# Finding the remaining zeros of each polynomial function

• Jun 4th 2010, 09:49 AM
RBlax
Finding the remaining zeros of each polynomial function
Use the given zero to find the remaining zero's of each polynomial function.

P(x)= x^3+3x^2+x+3; -i

I'm pretty lost with this stuff. I've been watching Patrick's videos trying to remember my high school days but wow it's been a while hehe.

It looks like Conjugate Pair Theorem would be the way to solve. If I figure it out I'll post my solution.

If you guys could give me some direction to help me get back into the game that would be AWESOME!!

Thanks a TON
• Jun 4th 2010, 10:06 AM
earboth
Quote:

Originally Posted by RBlax
Use the given zero to find the remaining zero's of each polynomial function.

P(x)= x^3+3x^2+x+3; -i

I'm pretty lost with this stuff. I've been watching Patrick's videos trying to remember my high school days but wow it's been a while hehe.

If you guys could give me some direction to help me get back into the game that would be AWESOME!!

Thanks a TON

1. Since there are only real coefficients in the term of the function there must exist a 2nd solution x = +i.
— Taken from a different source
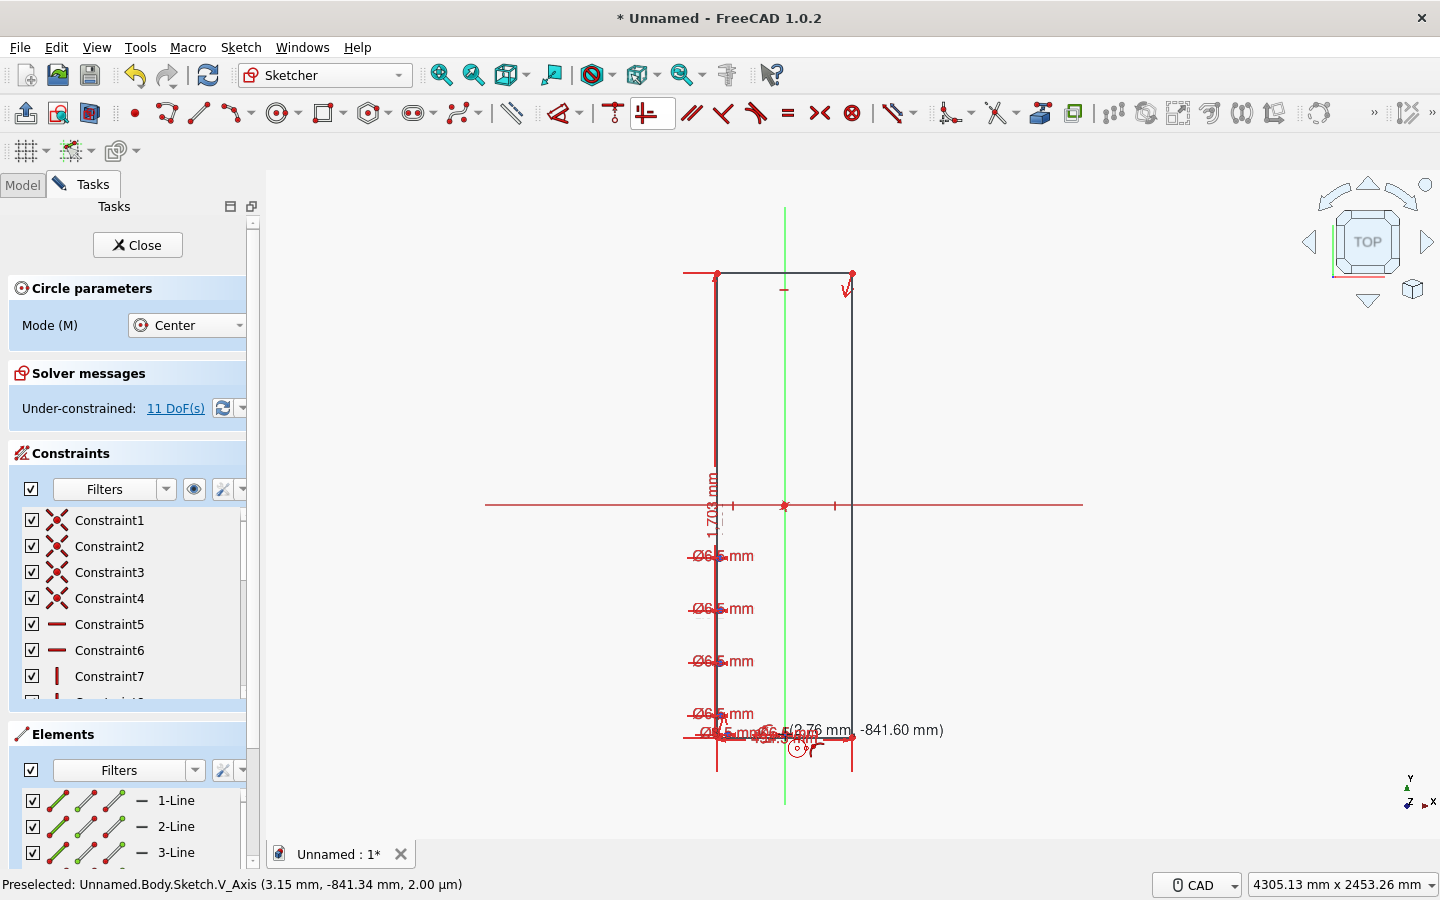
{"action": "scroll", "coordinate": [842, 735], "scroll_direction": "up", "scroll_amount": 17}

Thus $\displaystyle (x^2+1)$ must be a factor in the term:

2. $\displaystyle P(x)= x^3+3x^2+x+3 = x^2(x+3) + (x+3) = (x+3)(x^2+1)$

3. A product equals zero if one factor equals zero. Use this property to determine the last missing zero of P.
• Jun 4th 2010, 10:14 AM
Soroban
Hello, RBlax!

Quote:

Use the given zero to find the remaining zeros.

. . $\displaystyle P(x)\:=\: x^3+3x^2+x+3.\quad x = -i$

Since $\displaystyle x = -i$ is a zero of $\displaystyle P(x)$, then $\displaystyle x = +i$ is also a zero.
. .
(Complex roots always appear in conjugate pairs.)

Then: .$\displaystyle [x - (-i)]\text{ and }[x - (+i)]$ are factors of $\displaystyle P(x).$

. . That is: .$\displaystyle (x + i)(x - i) \:=\:x^2+1$ is a factor of $\displaystyle P(x).$

Dividing, we find that: .$\displaystyle P(x) \:=\:(x^2+1)(x+3)$

Therefore, the zeros of $\displaystyle P(x)$ are: .$\displaystyle i,\:-i,\:-3$

Edit: Too slow . . . again!
.
• Jun 4th 2010, 10:34 AM
RBlax
This isn't using the The Conjugate Pair Theorem though right?

I think what they are wanting me to do looks something like...

$\displaystyle P(x)= x^3+3x^2+x+3; -i$

then use synthetic division (which I begin to become lost)

Edit: I'm slow too haha

But thanks a ton for the help.